Index(['age', 'balance', 'contact', 'day_of_week', 'duration', 'campaign',
       'pdays', 'previous', 'poutcome', 'job_admin.', 'job_blue-collar',
       'job_entrepreneur', 'job_housemaid', 'job_management', 'job_retired',
       'job_self-employed', 'job_services', 'job_student', 'job_technician',
       'job_unemployed', 'marital_divorced', 'marital_married',
       'marital_single', 'education_primary', 'education_secondary',
       'education_tertiary', 'default_no', 'default_yes', 'housing_no',
       'housing_yes', 'loan_no', 'loan_yes', 'month_apr', 'month_aug',
       'month_dec', 'month_feb', 'month_jan', 'month_jul', 'month_jun',
       'month_mar', 'month_may', 'month_nov', 'month_oct', 'month_sep'],
      dtype='object')


In [5]:
# This is a selection of the X variables used
X = data_encoded[['balance', 'default_yes', 'housing_yes', 'loan_yes']]

In [6]:
# Here, we fit the model
model = LogisticRegression(max_iter=4000)
model.fit(X, y.values.ravel())

In [7]:
#This displays the model coefficients; scikit learn does not automatically give you p-values. The package statsmodels does.
coefficients = model.coef_[0]
intercept = model.intercept_[0]
coef_df = pd.DataFrame({
    'Feature': X.columns,
    'Coefficient': coefficients
})
coef_df = pd.concat([coef_df, pd.DataFrame({'Feature': 'Intercept', 'Coefficient': [intercept]})])
print(coef_df)

       Feature  Coefficient
0      balance     0.000027
1  default_yes    -0.514384
2  housing_yes    -0.851010
3     loan_yes    -0.629064
0    Intercept    -1.572991


In [9]:
# calculating the predicted probabilities
y_pred = model.predict_proba(X)[:,1]

In [10]:
# a comparison of predicted probabilities across true outcome categories
print(y_pred)
prob_true_actuals = y_pred[y == 1]
prob_false_actuals = y_pred[y == 0]

# Calculate the average predicted probability for true actuals (label = 1)
average_prob_true = np.mean(prob_true_actuals)

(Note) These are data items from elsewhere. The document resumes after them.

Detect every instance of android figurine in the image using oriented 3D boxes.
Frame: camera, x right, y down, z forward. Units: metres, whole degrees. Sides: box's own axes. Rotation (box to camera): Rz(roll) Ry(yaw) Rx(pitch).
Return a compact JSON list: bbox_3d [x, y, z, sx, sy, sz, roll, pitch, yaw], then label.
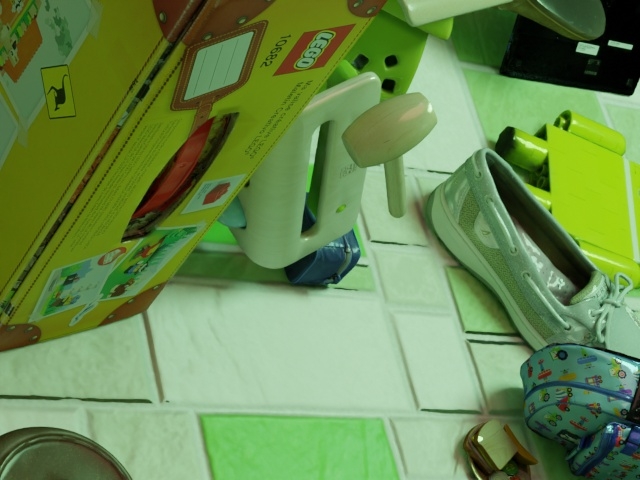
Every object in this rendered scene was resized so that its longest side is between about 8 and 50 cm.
[{"bbox_3d":[0.335,-0.042,1.861,0.273,0.056,0.248,22,47,-19],"label":"android figurine"}]

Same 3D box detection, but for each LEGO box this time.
[{"bbox_3d":[-0.200,-0.197,1.272,0.193,0.500,0.372,-15,68,-40],"label":"LEGO box"}]

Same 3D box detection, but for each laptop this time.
[{"bbox_3d":[0.328,-0.345,2.014,0.234,0.264,0.136,4,21,-33],"label":"laptop"}]

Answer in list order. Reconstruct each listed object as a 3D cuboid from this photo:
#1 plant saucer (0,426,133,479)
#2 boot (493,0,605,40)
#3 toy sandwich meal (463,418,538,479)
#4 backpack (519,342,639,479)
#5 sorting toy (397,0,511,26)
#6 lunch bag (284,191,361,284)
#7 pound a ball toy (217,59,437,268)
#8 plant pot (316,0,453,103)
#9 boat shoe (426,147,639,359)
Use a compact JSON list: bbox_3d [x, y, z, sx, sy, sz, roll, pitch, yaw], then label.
[{"bbox_3d":[-0.215,0.224,1.280,0.168,0.029,0.168,18,49,-23],"label":"plant saucer"},{"bbox_3d":[0.206,-0.323,1.867,0.305,0.115,0.112,30,48,-16],"label":"boot"},{"bbox_3d":[0.184,0.220,1.566,0.086,0.029,0.085,19,49,-23],"label":"toy sandwich meal"},{"bbox_3d":[0.288,0.177,1.591,0.173,0.158,0.117,18,66,-6],"label":"backpack"},{"bbox_3d":[0.103,-0.329,1.627,0.193,0.038,0.208,-21,72,-43],"label":"sorting toy"},{"bbox_3d":[0.000,0.000,1.577,0.065,0.067,0.098,0,60,-35],"label":"lunch bag"},{"bbox_3d":[-0.020,-0.075,1.385,0.136,0.319,0.208,-26,67,-17],"label":"pound a ball toy"},{"bbox_3d":[0.029,-0.287,1.720,0.227,0.207,0.228,25,47,-18],"label":"plant pot"},{"bbox_3d":[0.258,0.037,1.708,0.320,0.103,0.118,47,44,5],"label":"boat shoe"}]
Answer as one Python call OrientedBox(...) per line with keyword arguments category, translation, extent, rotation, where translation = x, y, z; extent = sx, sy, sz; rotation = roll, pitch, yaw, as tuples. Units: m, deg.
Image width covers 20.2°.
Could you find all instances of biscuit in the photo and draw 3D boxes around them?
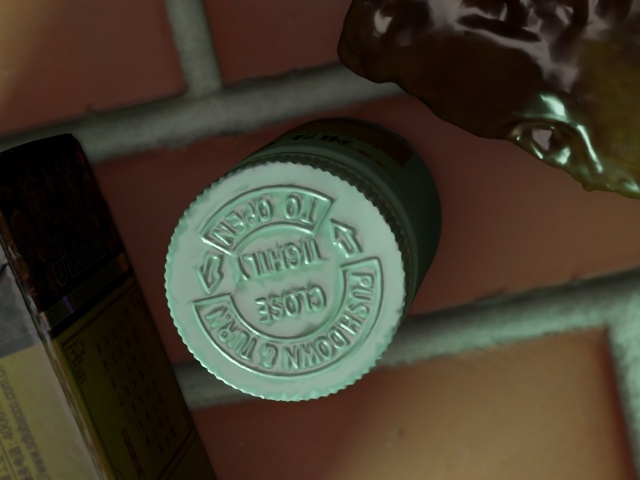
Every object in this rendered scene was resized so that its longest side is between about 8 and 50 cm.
OrientedBox(category="biscuit", translation=(0.227, -0.239, 1.242), extent=(0.343, 0.166, 0.395), rotation=(25, 116, 3))

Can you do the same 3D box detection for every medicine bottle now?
OrientedBox(category="medicine bottle", translation=(0.000, 0.000, 1.268), extent=(0.158, 0.318, 0.158), rotation=(1, 99, 9))

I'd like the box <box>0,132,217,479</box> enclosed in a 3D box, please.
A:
OrientedBox(category="box", translation=(-0.185, 0.135, 1.343), extent=(0.116, 0.264, 0.415), rotation=(-21, 97, 11))
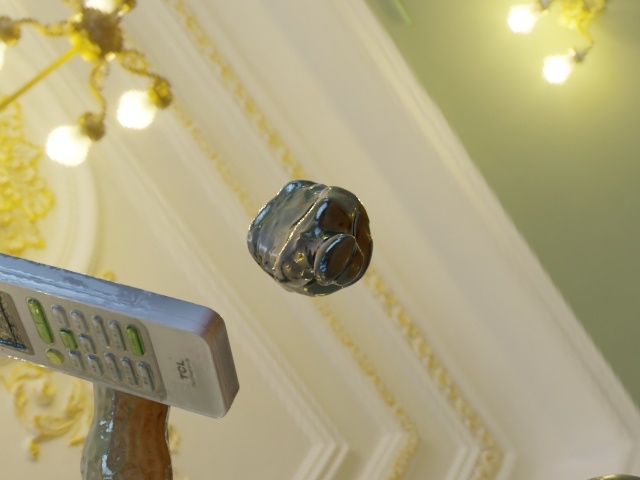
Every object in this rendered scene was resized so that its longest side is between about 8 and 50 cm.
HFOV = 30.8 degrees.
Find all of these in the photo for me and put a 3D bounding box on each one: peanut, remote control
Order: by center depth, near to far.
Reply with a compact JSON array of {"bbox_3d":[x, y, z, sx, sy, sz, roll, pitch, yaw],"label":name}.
[{"bbox_3d":[-0.181,0.067,0.887,0.103,0.250,0.034,83,-151,-44],"label":"remote control"},{"bbox_3d":[-0.220,0.204,1.324,0.101,0.117,0.263,24,-122,-49],"label":"peanut"}]

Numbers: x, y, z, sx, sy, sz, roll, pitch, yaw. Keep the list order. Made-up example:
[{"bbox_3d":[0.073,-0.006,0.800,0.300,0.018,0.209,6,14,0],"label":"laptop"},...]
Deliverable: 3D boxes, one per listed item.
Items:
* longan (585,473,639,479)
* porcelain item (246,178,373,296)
[{"bbox_3d":[0.404,0.470,1.566,0.297,0.297,0.297,29,-132,-38],"label":"longan"},{"bbox_3d":[0.000,0.000,0.783,0.069,0.081,0.216,43,176,-8],"label":"porcelain item"}]
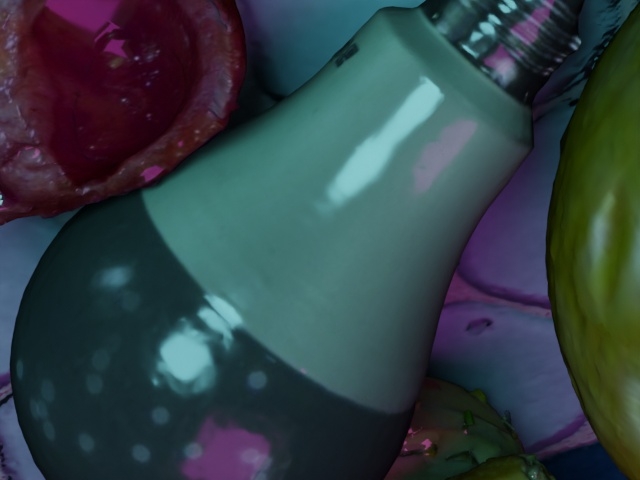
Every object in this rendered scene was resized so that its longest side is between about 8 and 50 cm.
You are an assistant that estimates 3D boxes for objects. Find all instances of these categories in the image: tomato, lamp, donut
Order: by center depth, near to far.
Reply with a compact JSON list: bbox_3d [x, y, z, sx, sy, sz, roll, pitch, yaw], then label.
[{"bbox_3d":[-0.127,-0.084,0.621,0.189,0.099,0.173,-11,151,-8],"label":"tomato"},{"bbox_3d":[-0.007,-0.001,0.729,0.182,0.182,0.314,35,90,-39],"label":"lamp"},{"bbox_3d":[0.034,0.137,0.931,0.174,0.068,0.175,-4,137,-4],"label":"donut"}]

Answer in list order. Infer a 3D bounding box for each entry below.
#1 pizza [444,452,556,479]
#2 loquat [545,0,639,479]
[{"bbox_3d":[0.101,0.201,0.918,0.199,0.062,0.188,25,129,-34],"label":"pizza"},{"bbox_3d":[0.233,0.003,0.680,0.276,0.276,0.284,9,132,-21],"label":"loquat"}]
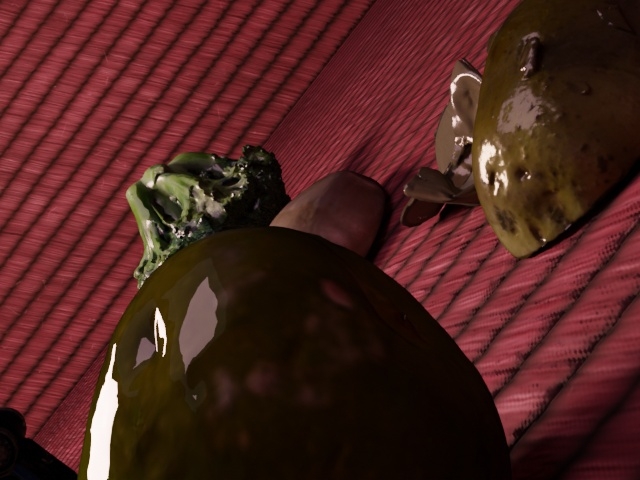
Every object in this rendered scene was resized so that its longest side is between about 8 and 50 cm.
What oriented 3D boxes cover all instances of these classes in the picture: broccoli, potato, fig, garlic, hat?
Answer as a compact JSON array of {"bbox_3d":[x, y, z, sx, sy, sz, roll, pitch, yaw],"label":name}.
[{"bbox_3d":[-0.157,-0.016,1.563,0.294,0.245,0.265,-31,-24,-35],"label":"broccoli"},{"bbox_3d":[0.182,-0.126,0.801,0.160,0.111,0.272,-41,14,53],"label":"potato"},{"bbox_3d":[-0.039,0.138,0.569,0.314,0.233,0.233,-50,10,39],"label":"fig"},{"bbox_3d":[0.005,-0.005,1.226,0.143,0.112,0.318,-49,0,31],"label":"garlic"},{"bbox_3d":[0.133,-0.069,0.968,0.175,0.085,0.147,89,-158,-70],"label":"hat"}]

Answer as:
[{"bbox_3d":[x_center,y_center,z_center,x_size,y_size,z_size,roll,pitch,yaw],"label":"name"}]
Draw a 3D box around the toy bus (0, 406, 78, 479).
[{"bbox_3d":[-0.367,0.307,1.227,0.175,0.287,0.138,-51,10,-3],"label":"toy bus"}]
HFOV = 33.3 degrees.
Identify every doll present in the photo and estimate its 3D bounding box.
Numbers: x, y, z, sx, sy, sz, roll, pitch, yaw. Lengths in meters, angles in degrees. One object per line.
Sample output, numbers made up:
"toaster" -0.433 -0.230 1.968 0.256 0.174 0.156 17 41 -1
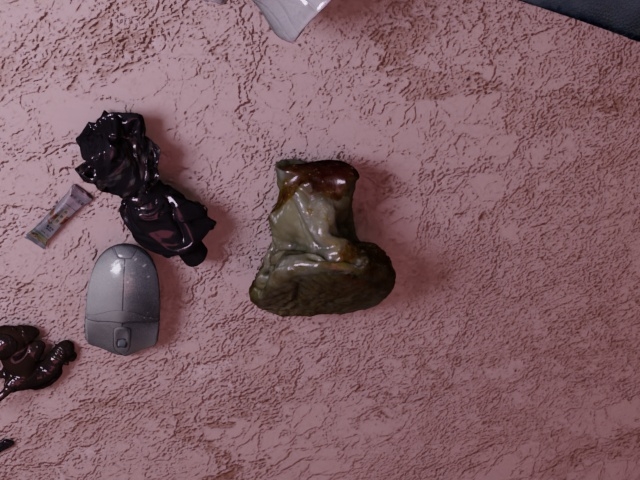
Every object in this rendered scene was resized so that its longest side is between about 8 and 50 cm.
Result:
"doll" -0.457 0.180 1.627 0.165 0.057 0.139 -20 124 -15

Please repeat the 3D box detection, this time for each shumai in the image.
"shumai" 0.000 0.000 1.623 0.222 0.203 0.272 -1 157 -15

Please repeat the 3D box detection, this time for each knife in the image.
"knife" -0.574 0.359 1.733 0.170 0.010 0.023 -25 126 2

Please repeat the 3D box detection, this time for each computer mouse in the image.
"computer mouse" -0.297 0.105 1.603 0.113 0.068 0.229 3 128 -8

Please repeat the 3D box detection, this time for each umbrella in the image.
"umbrella" -0.244 -0.062 1.510 0.122 0.110 0.272 -31 130 3

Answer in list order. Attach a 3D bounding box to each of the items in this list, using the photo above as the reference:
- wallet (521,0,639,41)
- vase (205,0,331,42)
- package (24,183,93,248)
"wallet" 0.364 -0.406 1.506 0.379 0.046 0.190 12 117 -22
"vase" -0.176 -0.384 1.236 0.445 0.250 0.250 16 116 -33
"package" -0.376 -0.034 1.536 0.110 0.015 0.037 -44 119 11
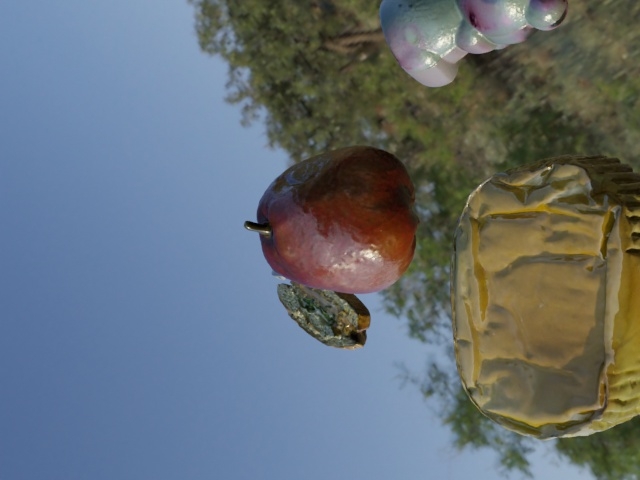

# Calculate the average predicted probability for false actuals (label = 0)
average_prob_false = np.mean(prob_false_actuals)

print(f"Average predicted probability for true actuals (label = 1): {average_prob_true:.4f}")
print(f"Average predicted probability for false actuals (label = 0): {average_prob_false:.4f}")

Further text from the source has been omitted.